Elsie Scheel was crowned the perfect woman by Cornell University in December of 1912. Before photoshop was even a thought The Times called Scheel “the most nearly perfect physical specimen of womanhood.” She also consumed beefsteak, never drank tea or coffee and was interested in cars, horticulture and was a suffragette.
Scheel, who was picked from a group of 400 Cornell women was 5ft. 7in. tall and weighed 171 pounds. It is safe to say that culture of 1912 held a very different ideal of female physical perfection than the one we see promoted today in the majority of women’s magazines, and in movies. In January 2010, blogger Kate Harding calculated what Scheel’s BMI would have been. She wrote:
Miss Elsie Scheel’s BMI would have been 26.8, placing her squarely in today’s dreaded “overweight” category. At Banana Republic, to pick a random contemporary store, she would wear a size 8 top, a 12/14 bottom, and probably a 12 dress with the bust taken in.
I wonder how being labeled a “perfect woman” in the newspapers affected Elsie’s life. Back about the time Ms. Scheel was born, Lillian Russell (American Actress and Singer b. 1861 d.1922) was considered the most beautiful woman in America. At the height of her fame Russell was 5′ 6″ and weighed 180 lbs. Remember that, in 1912, “thin” equaled “sick.” The inference would have been that if someone was thin it was because they suffered from tuberculosis or some other incurable wasting disease. Fifteen years after that, the ideal woman was shorter and completely flat chested. Fast forward to 2012 and the general consensus among the “experts” would be:
“Poor girl. She desperately needs to lose at least 40 pounds”!

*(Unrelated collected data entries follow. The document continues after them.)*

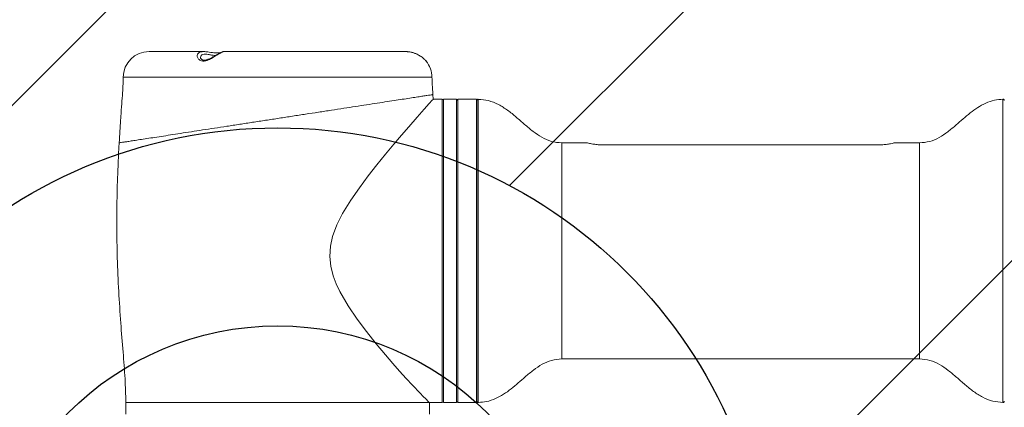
# Model space of a CAD drawing. Header units: millimetres. Extents: x 14 to 210, y 4 to 296.
# Tile 5 of 15: x 92 to 130, y 80 to 95. Entities that reach past the tile are written whole.
import ezdxf

# ---------------------------------------------------------------- set-up
doc = ezdxf.new("R2010")
doc.units = ezdxf.units.MM
doc.layers.add('标注层', color=3, linetype='Continuous')
doc.styles.add('SLDTEXTSTYLE1', font='ARIAL.TTF', dxfattribs={"width": 0.5688})
doc.styles.add('SLDTEXTSTYLE2', font='ARIAL.TTF', dxfattribs={"width": 0.948})
doc.dimstyles.new('SLDDIMSTYLE1', dxfattribs={"dimtxt": 4.10931, "dimasz": 2, "dimexe": 0, "dimexo": 0.0625, "dimgap": 1.027327, "dimtad": 0, "dimtih": 1, "dimtoh": 1, "dimlfac": 10, "dimrnd": 1e-09, "dimzin": 12, "dimdsep": 46, "dimtxsty": 'SLDTEXTSTYLE1', "dimsah": 1, "dimcen": 0, "dimadec": 0, "dimazin": 3, "dimtfac": 1, "dimtofl": 0, "dimtmove": 0, "dimatfit": 3, "dimfxl": 0, "dimfrac": 2, "dimtolj": 1, "dimtzin": 12, "dimarcsym": 0})

# ---------------------------------------------------------------- blocks, each defined once
blk = doc.blocks.new('_D_5')
at = {"layer": '标注层'}
for p, q in [((30.365, 117.338), (13.78, 117.338)), ((45.332, 107.859), (30.365, 117.338)), ((102.222, 71.831), (45.332, 107.859))]:
    blk.add_line(p, q, dxfattribs=at)
blk.add_solid([(45.332, 107.859), (43.776, 109.141), (43.508, 108.718)], dxfattribs=at)
at = {"layer": '标注层', "attachment_point": 1, "style": 'SLDTEXTSTYLE2'}
for s, insert, char_height in [('S', (13.78, 122.795), 4.233), ('R673.39', (16.03, 122.795), 4.2333)]:
    blk.add_mtext(s, dxfattribs=dict(at, insert=insert, char_height=char_height))

msp = doc.modelspace()

# ---------------------------------------------------------------- hatches: boundary and pattern name
at = {"layer": '标注层'}
h = msp.add_hatch(dxfattribs=at)
h.set_pattern_fill('ANSI31', color=256, scale=5, style=0)
edge = h.paths.add_edge_path(flags=0)
edge.add_arc((102.2219, 71.8307), 67.3392, 0, 360)
edge = h.paths.add_edge_path(flags=0)
edge.add_arc((102.2219, 71.8307), 19.2, 0, 360)

# ---------------------------------------------------------------- linework, layer by layer
at = {"color": 7, "linetype": 'Continuous', "lineweight": 18}
for p, q in [((99.3458, 93.9957), (97.2219, 93.9957)), ((99.9048, 93.9461), (99.873, 93.9451)), ((107.2024, 93.9957), (100.1148, 93.9957)), ((107.9181, 93.7054), (107.8754, 93.7447)), ((108.2692, 92.1427), (108.2562, 92.3237)), ((108.2991, 92.1457), (108.266, 92.1457)), ((108.4719, 92.1431), (108.6219, 92.1431)), ((108.6219, 80.3457), (108.6219, 92.1431)), ((109.1719, 92.1457), (108.6719, 92.1457)), ((109.9519, 92.1457), (109.2219, 92.1457)), ((109.2219, 92.1457), (109.2219, 80.3457)), ((109.9519, 92.1457), (109.9519, 80.3457)), ((109.9719, 91.9957), (109.9519, 91.9957)), ((109.9719, 80.3964), (109.9719, 92.095)), ((114.2552, 90.4457), (113.2719, 90.4457)), ((114.8836, 90.3657), (125.5602, 90.3657)), ((127.1719, 90.4457), (126.1885, 90.4457)), ((113.2719, 82.0457), (127.1719, 82.0457)), ((109.9519, 80.4957), (109.9719, 80.4957)), ((96.3219, 80.3457), (96.3219, 79.8957)), ((108.1219, 80.3457), (108.6219, 80.3457)), ((108.1219, 79.8957), (108.1219, 80.3457)), ((108.6719, 80.3457), (109.1719, 80.3457)), ((109.2219, 80.3457), (109.9519, 80.3457))]:
    msp.add_line(p, q, dxfattribs=at)
at = {"color": 8, "linetype": 'Continuous', "lineweight": 18}
for p, q in [((102.2219, 92.9957), (96.2219, 92.9957)), ((108.2219, 92.9957), (102.2219, 92.9957)), ((108.6719, 92.1457), (108.6719, 80.3457)), ((109.1719, 80.3457), (109.1719, 92.1457)), ((110.0233, 92.1449), (110.0233, 80.3464)), ((130.4204, 80.3464), (130.4204, 92.1449)), ((113.2719, 90.4457), (113.2719, 82.0457)), ((127.1719, 90.4457), (127.1719, 82.0457)), ((108.1219, 80.3457), (96.3219, 80.3457))]:
    msp.add_line(p, q, dxfattribs=at)
at = {"color": 7, "linetype": 'Continuous', "lineweight": 18, "flags": 128}
msp.add_lwpolyline([(108.266, 92.1425), (108.2626, 92.1388), (108.2316, 92.1045), (108.1151, 91.975), (107.9213, 91.7583), (107.6504, 91.4523), (107.3159, 91.0697), (107.0365, 90.7458), (106.7372, 90.3934), (106.4136, 90.0049), (106.079, 89.5925), (105.7396, 89.1595), (105.4005, 88.7043), (105.0616, 88.2143), (104.7455, 87.6951), (104.5282, 87.2649), (104.3552, 86.8024), (104.2718, 86.4274), (104.2467, 86.033), (104.2858, 85.6506), (104.3835, 85.2703), (104.4995, 84.9651), (104.6378, 84.6722), (104.9642, 84.1071), (105.3139, 83.5907), (105.6761, 83.1053), (106.0491, 82.6362), (106.4149, 82.1978), (106.6965, 81.8716), (106.9654, 81.5682), (107.2242, 81.2834), (107.461, 81.0283), (107.7577, 80.7165), (107.8812, 80.5893), (107.9817, 80.4868), (108.0853, 80.3823), (108.1219, 80.3457), (108.1219, 80.3457)], dxfattribs=at)
at = {"color": 7, "linetype": 'Continuous', "lineweight": 18}
for centre, radius, start, end in [((97.2219, 92.9957), 1, 90, 180), ((107.2219, 92.9957), 1, 0, 39.26096), ((108.6719, 92.0957), 0.05, 90, 180), ((109.1719, 92.0957), 0.05, 0, 90), ((110.0219, 92.095), 0.05, 88.34659, 180), ((130.4219, 92.095), 0.05, 0, 91.65341), ((108.6719, 80.3957), 0.05, 180, 270), ((109.1719, 80.3957), 0.05, 270, 0), ((110.0219, 80.3964), 0.05, 180, 271.65341), ((130.4219, 80.3964), 0.05, 268.34659, 360)]:
    msp.add_arc(centre, radius, start, end, dxfattribs=at)
at = {"color": 8, "linetype": 'Continuous', "lineweight": 18}
for points, knots in [([(99.9736, 93.9249), (99.9731, 93.9246), (99.9363, 93.9033), (99.8472, 93.8492), (99.6971, 93.7569), (99.5702, 93.6886), (99.4633, 93.6455), (99.3703, 93.6202), (99.2651, 93.6262), (99.1711, 93.6711), (99.1048, 93.7517), (99.0812, 93.8556), (99.1231, 93.9418), (99.2195, 93.99), (99.3081, 93.9931), (99.3478, 93.9944)], [0, 0, 0, 0, 0.0013032, 0.092746, 0.1973373, 0.289352, 0.3133977, 0.3775664, 0.441563, 0.5016467, 0.5998809, 0.7035281, 0.8249339, 0.9215807, 1, 1, 1, 1]), ([(99.8129, 93.8463), (99.8027, 93.8459), (99.7549, 93.8435), (99.6518, 93.8612), (99.5249, 93.8848), (99.4085, 93.8993), (99.3106, 93.8903), (99.2355, 93.8471), (99.227, 93.7935), (99.2222, 93.7632)], [0, 0, 0, 0, 0.0432211, 0.2025504, 0.3517652, 0.4938869, 0.636167, 0.795027, 1, 1, 1, 1]), ([(100.1152, 93.9928), (100.1153, 93.9937), (100.1156, 93.9975), (100.0664, 93.9772), (100.0039, 93.942), (99.9736, 93.9249)], [0, 0, 0, 0, 0.13394032, 0.57968235, 1, 1, 1, 1]), ([(107.8754, 93.7447), (107.8728, 93.7468), (107.8308, 93.7813), (107.7255, 93.8563), (107.5459, 93.94), (107.3635, 93.9876), (107.2637, 93.9918), (107.218, 93.9937)], [0, 0, 0, 0, 0.01751846, 0.27965723, 0.58623516, 0.81056538, 1, 1, 1, 1]), ([(107.9959, 93.6284), (107.9959, 93.6284), (107.9958, 93.6284), (107.9685, 93.6601), (107.9333, 93.6917), (107.9181, 93.7054)], [0, 0, 0, 0, 0.282183, 0.6893886, 1, 1, 1, 1]), ([(96.0609, 90.4478), (96.0649, 90.4485), (96.0729, 90.4497), (96.1376, 90.4596), (96.2422, 90.4757), (96.3893, 90.4984), (96.5748, 90.5269), (96.7981, 90.5613), (97.0609, 90.6017), (97.3598, 90.6477), (97.6897, 90.6984), (98.0505, 90.7539), (98.4433, 90.8144), (98.8632, 90.879), (99.3035, 90.9467), (99.7647, 91.0177), (100.247, 91.0919), (100.7443, 91.1684), (101.2484, 91.2459), (101.7604, 91.3247), (102.2802, 91.4047), (102.7999, 91.4846), (103.311, 91.5632), (103.8151, 91.6408), (104.3122, 91.7173), (104.7934, 91.7913), (105.2508, 91.8617), (105.6865, 91.9287), (106.1009, 91.9924), (106.4854, 92.0516), (106.8342, 92.1053), (107.1494, 92.1538), (107.4316, 92.1972), (107.6743, 92.2345), (107.8745, 92.2653), (108.0342, 92.2899), (108.1543, 92.3084), (108.2274, 92.3196), (108.259, 92.3245), (108.2533, 92.3236), (108.2521, 92.3234)], [0, 0, 0, 0, 0.0260537, 0.0521074, 0.0789178, 0.1057283, 0.1317919, 0.1578558, 0.1846675, 0.2114795, 0.2377091, 0.263939, 0.2909158, 0.3178928, 0.3443883, 0.370884, 0.3981347, 0.4253854, 0.4521373, 0.4788893, 0.5064101, 0.533931, 0.5608203, 0.5877095, 0.6153823, 0.6430548, 0.6698983, 0.6967418, 0.7243776, 0.7520132, 0.7786405, 0.8052677, 0.8326862, 0.8601043, 0.8864337, 0.9127631, 0.9398721, 0.9669809, 0.9930648, 1, 1, 1, 1])]:
    msp.add_open_spline(points, degree=3, knots=knots, dxfattribs=at)
at = {"color": 7, "linetype": 'Continuous', "lineweight": 18}
for points, knots in [([(99.9389, 93.9185), (99.924, 93.9101), (99.8795, 93.885), (99.7936, 93.835), (99.6851, 93.7732), (99.5798, 93.7188), (99.4869, 93.6808), (99.4061, 93.6608), (99.3399, 93.6608), (99.2907, 93.6769), (99.2506, 93.7052), (99.2243, 93.7442), (99.2233, 93.7567), (99.2228, 93.7629)], [0, 0, 0, 0, 0.0578206, 0.1727448, 0.2895368, 0.3935152, 0.4778852, 0.5477024, 0.6187147, 0.6919106, 0.7780129, 0.8900002, 1, 1, 1, 1]), ([(99.3478, 93.9944), (99.352, 93.9949), (99.3748, 93.9972), (99.4048, 93.9929), (99.4293, 93.9894)], [0, 0, 0, 0, 0.1838254, 1, 1, 1, 1]), ([(100.0208, 93.9618), (100.007, 93.9582), (99.9754, 93.95), (99.8973, 93.9428), (99.7967, 93.9456), (99.6835, 93.9587), (99.5633, 93.9757), (99.4764, 93.9896), (99.4345, 93.991), (99.4309, 93.9911)], [0, 0, 0, 0, 0.13070343, 0.29816418, 0.45811718, 0.62212739, 0.79577202, 0.98261233, 1, 1, 1, 1]), ([(100.1147, 93.9954), (100.1107, 93.995), (100.1013, 93.9943), (100.0885, 93.991), (100.0697, 93.9849), (100.0394, 93.9717), (99.9915, 93.9476), (99.9522, 93.9259), (99.9389, 93.9185)], [0, 0, 0, 0, 0.0446081, 0.1062157, 0.2191522, 0.4788448, 0.8228716, 1, 1, 1, 1]), ([(107.876, 93.7435), (107.8712, 93.7477), (107.8421, 93.7735), (107.7668, 93.8266), (107.6557, 93.8898), (107.5286, 93.9428), (107.3985, 93.9781), (107.2786, 93.9955), (107.2114, 93.9944), (107.1844, 93.9939)], [0, 0, 0, 0, 0.0337524, 0.2059949, 0.3921516, 0.5524378, 0.7250381, 0.8895025, 1, 1, 1, 1]), ([(107.958, 93.6692), (107.9498, 93.6776), (107.9389, 93.689), (107.9227, 93.7029), (107.9186, 93.7064)], [0, 0, 0, 0, 0.7471032, 1, 1, 1, 1]), ([(107.9947, 93.6299), (107.9928, 93.6321), (107.9879, 93.6378), (107.9694, 93.6572), (107.958, 93.6692)], [0, 0, 0, 0, 0.3810729, 1, 1, 1, 1]), ([(96.2219, 92.9957), (96.2197, 92.9103), (96.2145, 92.7087), (96.1904, 92.3654), (96.1603, 91.9429), (96.1248, 91.4533), (96.0903, 90.9476), (96.0705, 90.6061), (96.0613, 90.4478)], [0, 0, 0, 0, 0.10040459, 0.23684825, 0.40433578, 0.59810575, 0.81368083, 1, 1, 1, 1]), ([(108.2562, 92.3237), (108.2561, 92.3252), (108.2468, 92.4555), (108.2306, 92.6793), (108.2244, 92.902), (108.2219, 92.9957)], [0, 0, 0, 0, 0.0067335, 0.5822661, 1, 1, 1, 1]), ([(108.2991, 92.1456), (108.2985, 92.1456), (108.2961, 92.1457), (108.3124, 92.1452), (108.3462, 92.1444), (108.3954, 92.1435), (108.4399, 92.1431), (108.4657, 92.1431), (108.4719, 92.1431)], [0, 0, 0, 0, 0.0739833, 0.2885365, 0.5031227, 0.7177926, 0.9324638, 1, 1, 1, 1]), ([(113.2719, 90.4457), (113.1334, 90.4574), (112.8604, 90.4805), (112.4835, 90.6556), (112.1431, 90.8895), (111.8203, 91.1641), (111.501, 91.4484), (111.1704, 91.7184), (110.8135, 91.9454), (110.4277, 92.108), (110.1546, 92.129), (110.0226, 92.1391)], [0, 0, 0, 0, 0.1104526, 0.2176476, 0.3274396, 0.4408932, 0.5564342, 0.6697952, 0.7819644, 0.8946085, 1, 1, 1, 1]), ([(130.421, 92.1401), (130.3108, 92.1329), (130.0801, 92.1178), (129.7478, 91.9992), (129.4329, 91.8266), (129.1427, 91.6145), (128.8678, 91.3818), (128.584, 91.1299), (128.2827, 90.8758), (127.9472, 90.6485), (127.576, 90.4793), (127.308, 90.457), (127.1719, 90.4457)], [0, 0, 0, 0, 0.0880134, 0.1842094, 0.2791835, 0.3748288, 0.4712179, 0.5673644, 0.6785781, 0.7862267, 0.8914726, 1, 1, 1, 1]), ([(96.0613, 90.4478), (96.0589, 90.408), (96.0439, 90.1584), (96.0125, 89.5032), (95.9765, 88.4691), (95.9644, 87.2267), (95.9843, 85.9559), (96.0372, 84.6942), (96.1185, 83.4723), (96.209, 82.3409), (96.2963, 81.31), (96.3137, 80.6554), (96.3219, 80.3457)], [0, 0, 0, 0, 0.0118348, 0.074172, 0.1945403, 0.3187162, 0.4426436, 0.5714608, 0.6932203, 0.8058262, 0.9081194, 1, 1, 1, 1]), ([(114.2552, 90.4448), (114.2539, 90.4451), (114.2379, 90.4487), (114.3018, 90.4338), (114.4398, 90.4054), (114.6211, 90.3793), (114.7693, 90.3672), (114.8541, 90.3661), (114.8836, 90.3657)], [0, 0, 0, 0, 0.0235727, 0.3036691, 0.5829609, 0.7758834, 0.9221979, 1, 1, 1, 1]), ([(125.5602, 90.3657), (125.6115, 90.3668), (125.7269, 90.3695), (125.9019, 90.3894), (126.0569, 90.4158), (126.171, 90.4406), (126.1826, 90.4434), (126.1885, 90.4448)], [0, 0, 0, 0, 0.1356079, 0.3047141, 0.5285615, 0.7567901, 1, 1, 1, 1]), ([(110.0246, 80.3515), (110.1342, 80.3587), (110.3642, 80.3738), (110.6959, 80.4922), (111.0108, 80.6648), (111.301, 80.8769), (111.5759, 81.1095), (111.8597, 81.3614), (112.1611, 81.6155), (112.4966, 81.8429), (112.8677, 82.0121), (113.1358, 82.0344), (113.2719, 82.0457)], [0, 0, 0, 0, 0.0875718, 0.1838146, 0.2788345, 0.3745262, 0.4709619, 0.567155, 0.6784224, 0.7861232, 0.8914201, 1, 1, 1, 1]), ([(127.1719, 82.0457), (127.3104, 82.034), (127.5833, 82.0108), (127.9602, 81.8358), (128.3006, 81.6018), (128.6234, 81.3272), (128.9427, 81.043), (129.2733, 80.773), (129.6303, 80.546), (130.0153, 80.3836), (130.2877, 80.3626), (130.4191, 80.3525)], [0, 0, 0, 0, 0.1105157, 0.2177716, 0.3276258, 0.4411438, 0.5567506, 0.670176, 0.7824088, 0.895117, 1, 1, 1, 1])]:
    msp.add_open_spline(points, degree=3, knots=knots, dxfattribs=at)
at = {"layer": '标注层'}
for radius in [67.3392, 19.2, 11.5]:
    msp.add_circle((102.2219, 71.8307), radius, dxfattribs=at)

# ---------------------------------------------------------------- dimensions: what is measured, and where the dimension line sits
dim = msp.add_radius_dim(center=(102.2219, 71.8307), mpoint=(45.3317, 107.8594), text='S<>', dimstyle='SLDDIMSTYLE1', dxfattribs=at)
dim.commit()
dim.dimension.update_dxf_attribs({"geometry": '_D_5', "text_midpoint": (21.279, 120.4933), "dimtype": 164})

doc.saveas('drawing.dxf')

In my opinion the problem with some women today is that they all want to follow that “model body” or “teenager body” regimen. They aren’t even fat, yet, they feel they need to look like match sticks. In reality every woman is perfect and it doesn’t matter what your body size is. If you go to My Body Gallery and type in your weight and height you will see what normal women looks like.
Back in 1912 they didn’t have magazine covers with photoshopped women to create unreal expectations on men and other women. I honestly can’t wait to see “Miss Perfect 2015”
Will she be a size -5?
Beauty is in the eye of the beholder. After all, even the models we see in magazines wish they could look like their own images.